━━━━━ Records provided

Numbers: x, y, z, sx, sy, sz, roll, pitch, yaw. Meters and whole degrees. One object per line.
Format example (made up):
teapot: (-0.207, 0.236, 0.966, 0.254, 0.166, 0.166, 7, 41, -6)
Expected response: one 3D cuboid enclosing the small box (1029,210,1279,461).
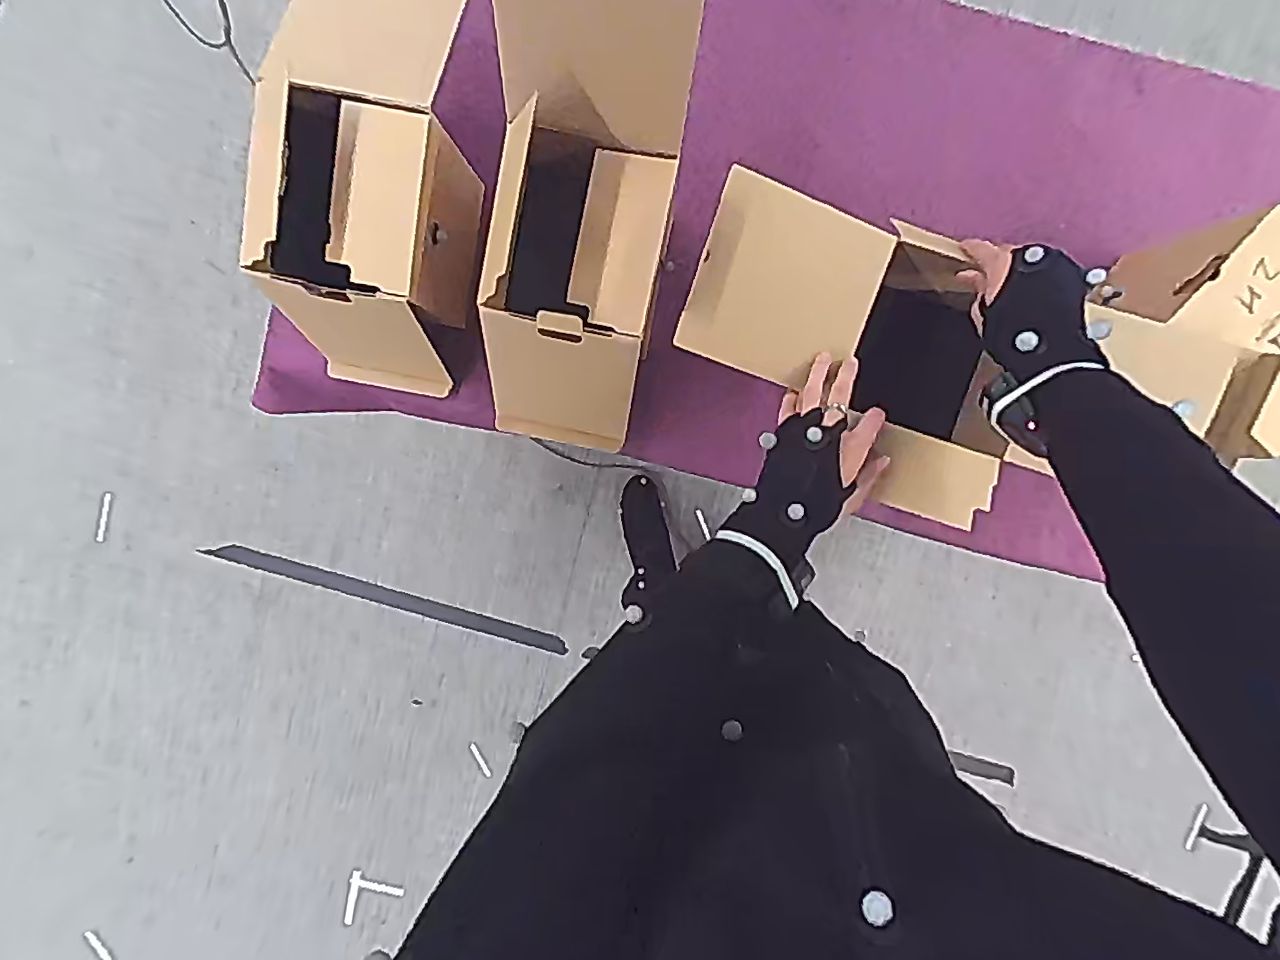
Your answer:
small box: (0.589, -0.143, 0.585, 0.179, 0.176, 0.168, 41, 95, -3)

━━━━━━━━━━
━━━━━ Records provided

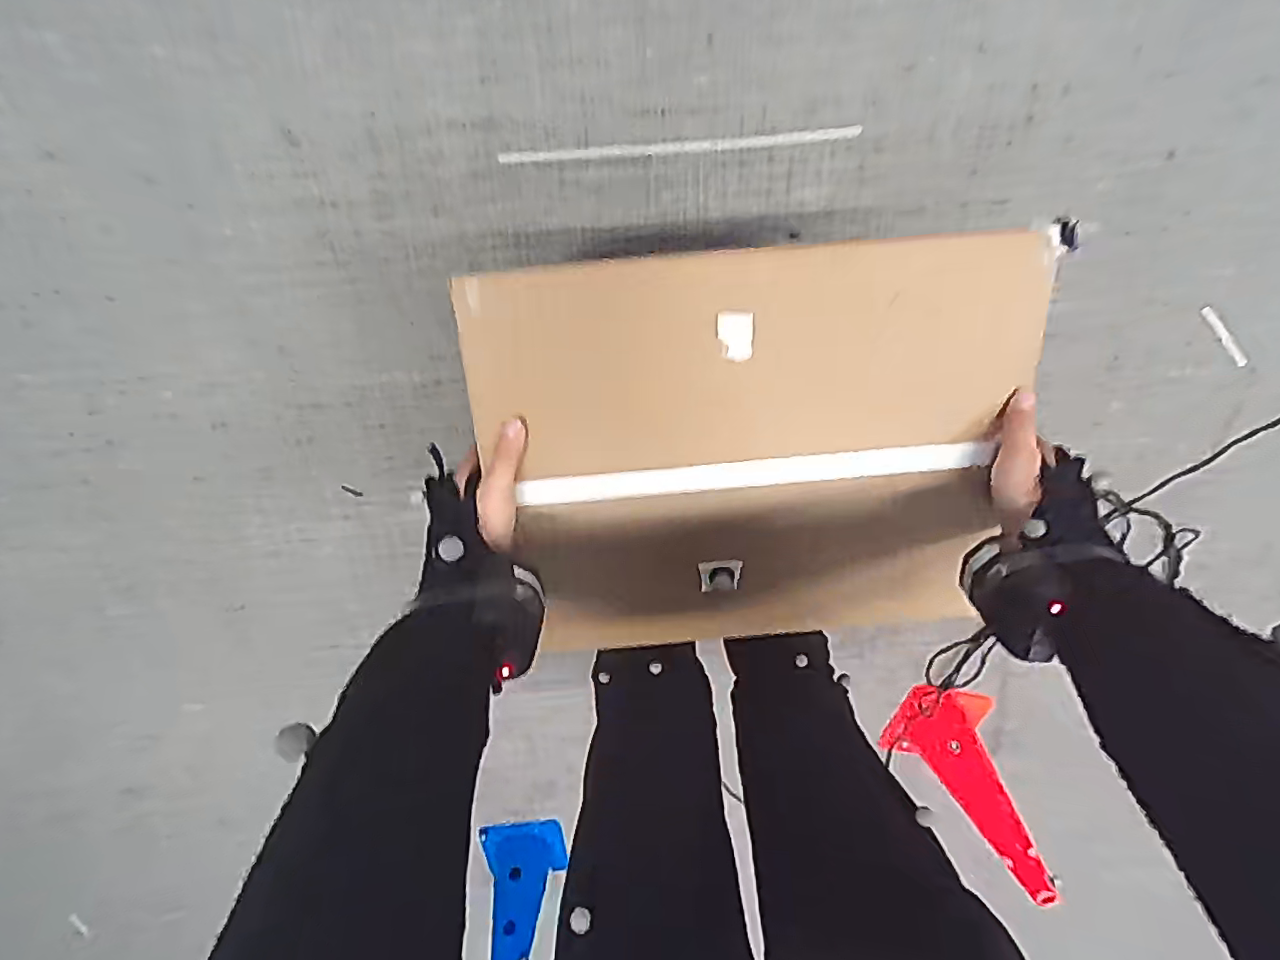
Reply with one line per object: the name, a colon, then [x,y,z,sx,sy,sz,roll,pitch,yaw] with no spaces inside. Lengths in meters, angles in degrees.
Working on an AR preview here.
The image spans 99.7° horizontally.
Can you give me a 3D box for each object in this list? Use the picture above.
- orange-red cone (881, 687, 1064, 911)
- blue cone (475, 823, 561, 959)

━━━━━━━━━━
━━━━━ Records provided

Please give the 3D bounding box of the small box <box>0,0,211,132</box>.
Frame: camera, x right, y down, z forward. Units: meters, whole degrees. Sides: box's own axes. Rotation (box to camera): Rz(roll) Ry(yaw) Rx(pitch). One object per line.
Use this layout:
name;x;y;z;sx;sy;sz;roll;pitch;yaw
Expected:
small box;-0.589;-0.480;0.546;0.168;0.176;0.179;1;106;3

━━━━━━━━━━

- **Exercise objective**
Of the lines above, output exactly those from the line bearing "The image spans 99.7° horizontally." through the line bearing "- blue cone (475, 823, 561, 959)", inclusive.

- **Finished exercise**
The image spans 99.7° horizontally.
Can you give me a 3D box for each object in this list? Use the picture above.
- orange-red cone (881, 687, 1064, 911)
- blue cone (475, 823, 561, 959)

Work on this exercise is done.